Recorded data:

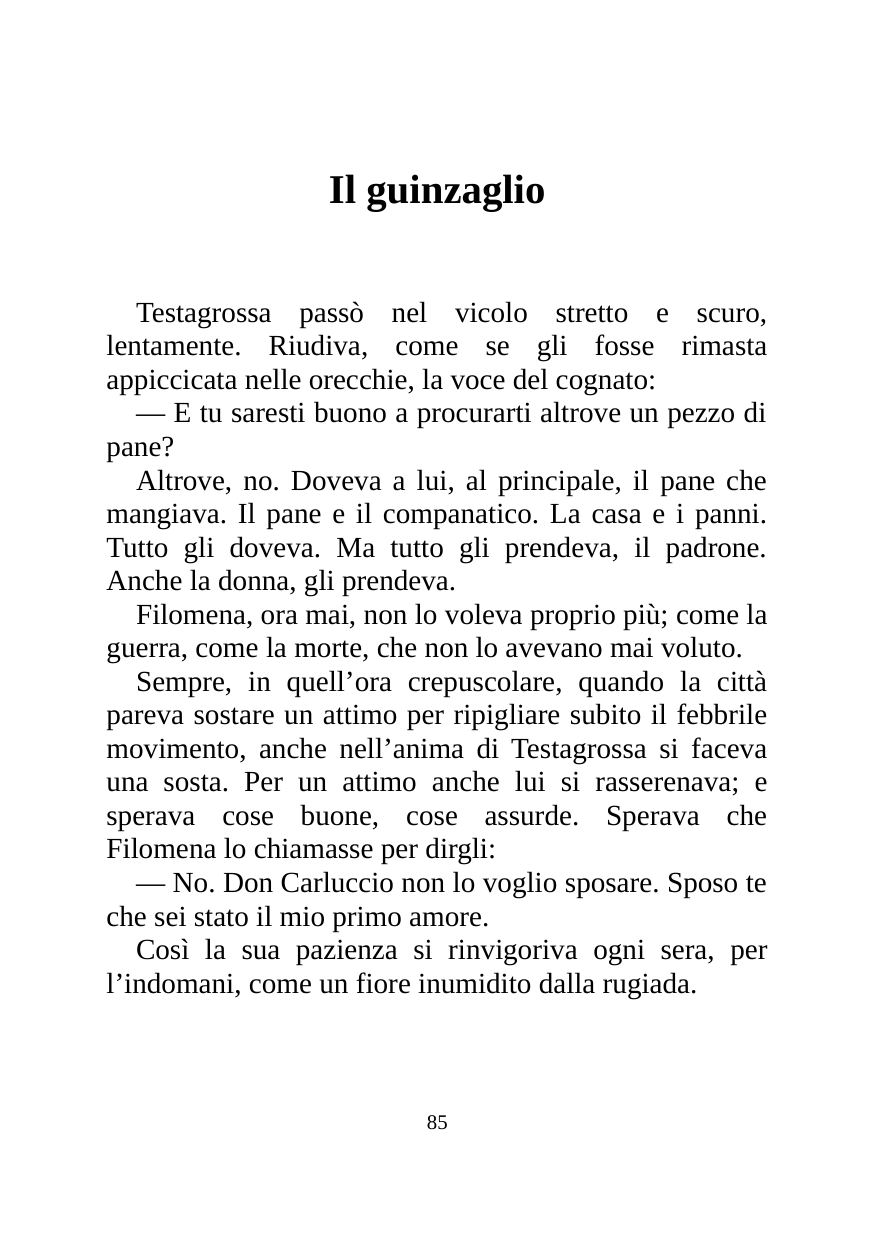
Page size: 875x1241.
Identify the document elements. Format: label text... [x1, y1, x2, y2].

text — No. Don Carluccio non lo voglio sposare. Sposo te che sei stato il mio primo amore. [106, 865, 768, 932]
text Testagrossa passò nel vicolo stretto e scuro, lentamente. Riudiva, come se gli fosse rimasta appiccicata nelle orecchie, la voce del cognato: [106, 295, 768, 396]
text — E tu saresti buono a procurarti altrove un pezzo di pane? [106, 396, 768, 463]
text Così la sua pazienza si rinvigoriva ogni sera, per l’indomani, come un fiore inumidito dalla rugiada. [106, 932, 768, 999]
text Sempre, in quell’ora crepuscolare, quando la città pareva sostare un attimo per ripigliare subito il febbrile movimento, anche nell’anima di Testagrossa si faceva una sosta. Per un attimo anche lui si rasserenava; e sperava cose buone, cose assurde. Sperava che Filomena lo chiamasse per dirgli: [106, 664, 768, 865]
text Altrove, no. Doveva a lui, al principale, il pane che mangiava. Il pane e il companatico. La casa e i panni. Tutto gli doveva. Ma tutto gli prendeva, il padrone. Anche la donna, gli prendeva. [106, 463, 768, 597]
subtitle Il guinzaglio [106, 165, 768, 212]
text Filomena, ora mai, non lo voleva proprio più; come la guerra, come la morte, che non lo avevano mai voluto. [106, 597, 768, 664]

▶ _What to do_: Among the lines above, which contain the word "pane"? Copy every one.

▶ _Answer_:
text — E tu saresti buono a procurarti altrove un pezzo di pane? [106, 396, 768, 463]
text Altrove, no. Doveva a lui, al principale, il pane che mangiava. Il pane e il companatico. La casa e i panni. Tutto gli doveva. Ma tutto gli prendeva, il padrone. Anche la donna, gli prendeva. [106, 463, 768, 597]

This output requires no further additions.